Qiyao Chen (b. 1996, Fujian, China) is a practitioner-researcher working across performance, sound, video, and site-specific installation. She holds an MFA in Experimental Art from the Central Academy of Fine Arts (CAFA) and a BFA in Sculpture from the Hubei Institute of Fine Arts (HIFA).
Qiyao treats the body and sound as metaphorical media of perception and disruption. By reconstructing everyday behaviours and amplifying sensory experience, her works generate poetic estrangements that reveal the subtle yet forceful dynamics between individuals and institutional power structures. Her practice integrates embodied performance, sonic exploration, and technological experimentation, forming a practice-based research inquiry centered on embodied action.
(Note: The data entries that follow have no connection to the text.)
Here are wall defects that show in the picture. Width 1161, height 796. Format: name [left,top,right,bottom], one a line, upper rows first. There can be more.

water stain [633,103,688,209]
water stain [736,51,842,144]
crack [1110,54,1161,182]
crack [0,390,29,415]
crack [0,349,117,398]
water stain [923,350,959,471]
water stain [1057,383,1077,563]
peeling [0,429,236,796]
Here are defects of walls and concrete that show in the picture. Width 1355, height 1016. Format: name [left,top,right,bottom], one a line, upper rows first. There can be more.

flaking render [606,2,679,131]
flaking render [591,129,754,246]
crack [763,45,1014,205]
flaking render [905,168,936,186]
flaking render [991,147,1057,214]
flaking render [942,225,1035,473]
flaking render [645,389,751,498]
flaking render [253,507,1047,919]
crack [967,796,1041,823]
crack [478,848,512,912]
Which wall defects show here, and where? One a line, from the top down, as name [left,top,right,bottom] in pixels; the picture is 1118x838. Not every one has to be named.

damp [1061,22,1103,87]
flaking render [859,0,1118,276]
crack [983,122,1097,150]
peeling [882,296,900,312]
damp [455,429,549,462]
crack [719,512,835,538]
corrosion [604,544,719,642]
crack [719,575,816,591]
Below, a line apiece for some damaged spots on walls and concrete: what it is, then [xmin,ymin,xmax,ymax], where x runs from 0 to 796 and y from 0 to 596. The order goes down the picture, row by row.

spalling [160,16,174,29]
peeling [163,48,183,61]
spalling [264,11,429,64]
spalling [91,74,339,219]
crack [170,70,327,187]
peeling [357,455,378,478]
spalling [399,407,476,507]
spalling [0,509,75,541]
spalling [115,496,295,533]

Her work has been presented in exhibitions including Charging Guide (Ming Contemporary Art Museum, Shanghai, 2025), The Stone of Her Mountain (Guardian Art Centre, Beijing, 2023), Groups as Methods (Central Academy of Fine Arts Art Museum, Beijing, 2023), Youth Today (798 Art Centre, Beijing, 2023), and Material Girl (China Culture Centre, Sydney, 2022). She has undertaken residencies at the Nordic Contemporary Art Centre (2023) and the Twins Museum on Cryptovoxels (2022).
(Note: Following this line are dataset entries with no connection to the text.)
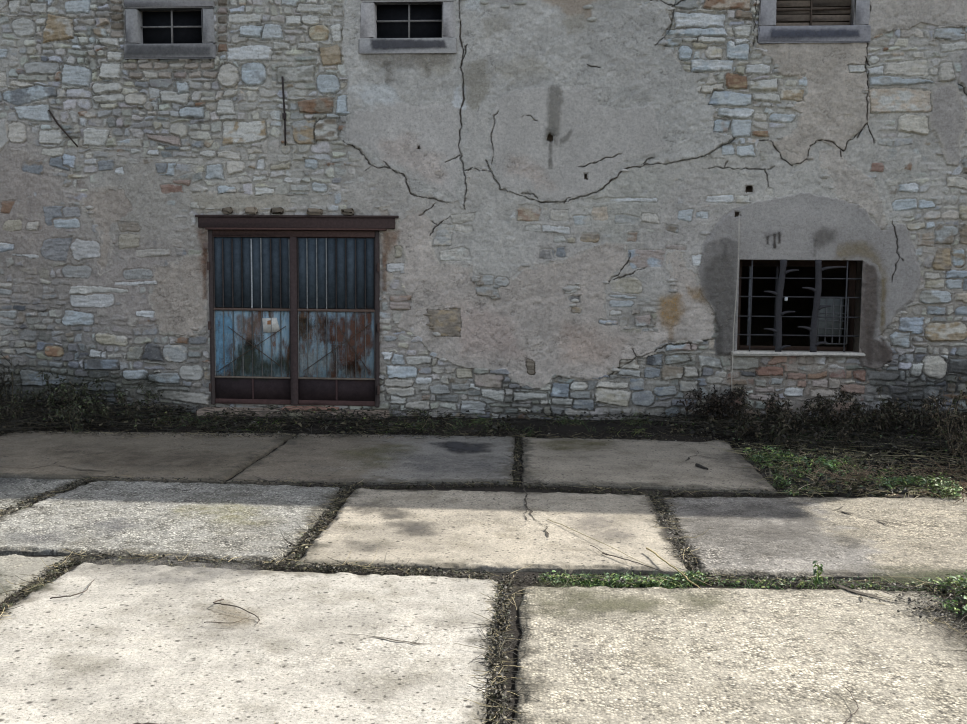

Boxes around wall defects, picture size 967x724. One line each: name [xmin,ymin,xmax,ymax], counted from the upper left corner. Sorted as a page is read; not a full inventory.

crack [343,0,498,230]
flaking render [0,0,967,421]
water stain [548,86,562,166]
crack [521,156,683,203]
crack [705,43,874,187]
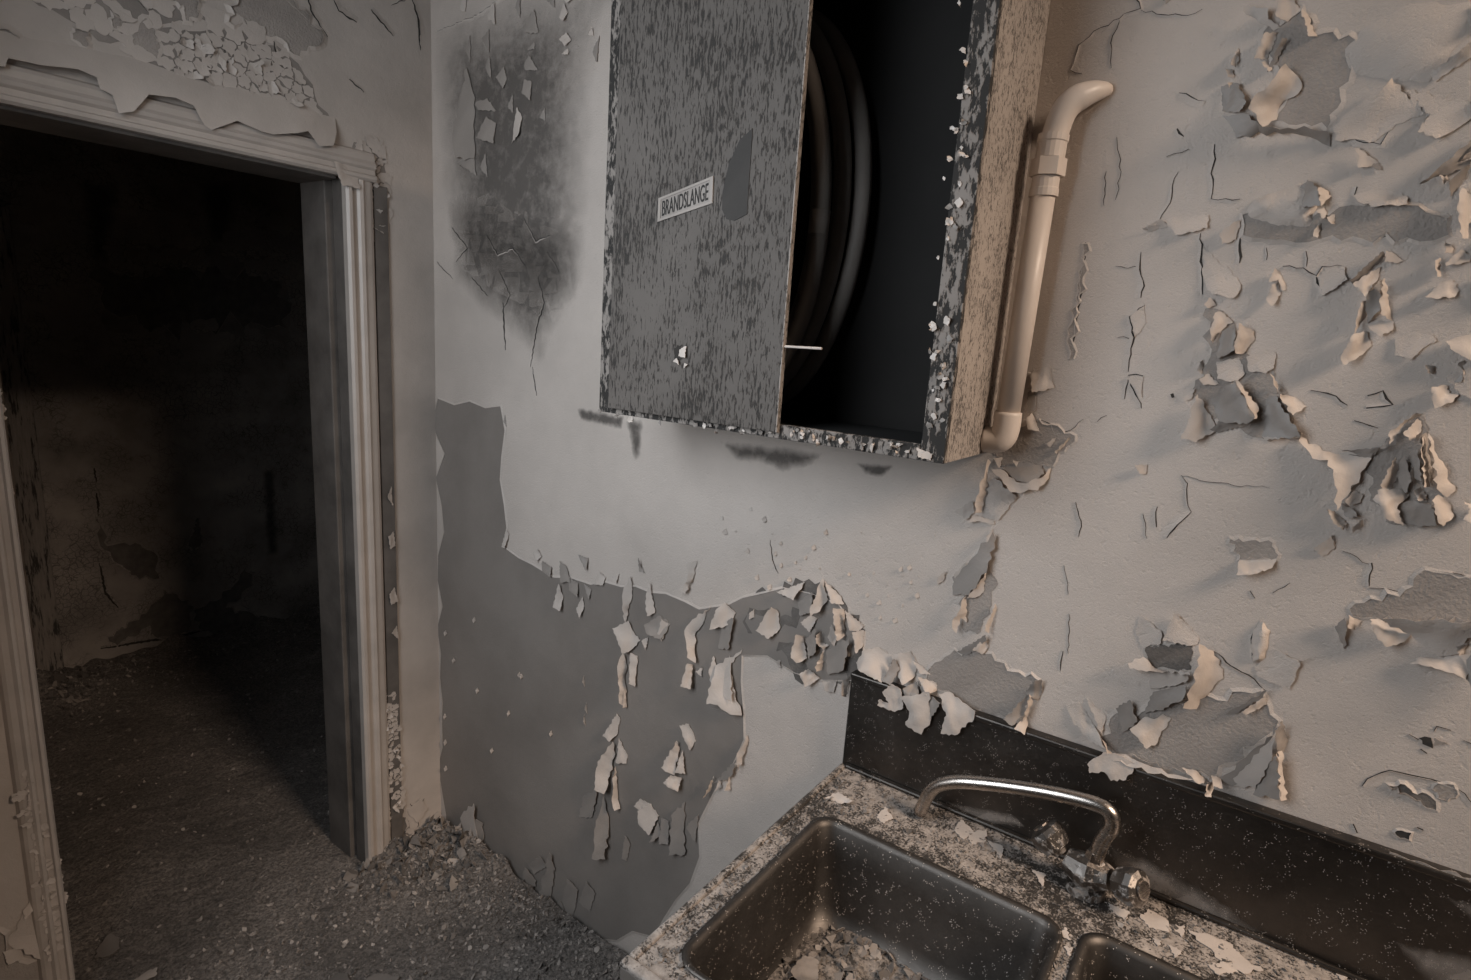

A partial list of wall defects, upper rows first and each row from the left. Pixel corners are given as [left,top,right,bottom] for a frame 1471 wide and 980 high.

Qiyao’s works are held in the collections of the Central Academy of Fine Arts Art Museum, the Twins Museum, and the Hubei Institute of Fine Arts.
Qiyao’s current research focuses on the “datafied body” and the growing entanglement between embodied experience and technological systems of measurement, surveillance, and algorithmic governance. Through performance, sound, and site-specific interventions, she examines how biometric monitoring, physiological sensing, and data extraction reshape the boundaries of agency and the conditions of being sensed.
Her work examines how embodied actions can function as forms of critical resistance within datafied environments. Drawing on posthumanist theory, surveillance capitalism, and the politics of the body, she explores the tensions between lived corporeality and machinic abstraction, proposing embodied disruption as both an aesthetic and political methodology. Building on her practice-based work, this research constitutes an integrated inquiry into how bodies negotiate power within technologically mediated landscapes.
Beyond her practice and research, Qiyao actively engages in teaching, mentorship, and art–technology collaborations. She has led workshops, mentored the queer university video art training program, and joined interdisciplinary teams exploring technologies and new materials - such as electronic-skin interfaces and UV imaging - in artistic practice. She is also deeply interested in site-specific projects and the social dynamics of public space.
As an artist with Attention Deficit Hyperactivity Disorder (ADHD), Qiyao enthusiastically participates in related activities and talks, contributing her perspective and energy to discussions on neurodiversity.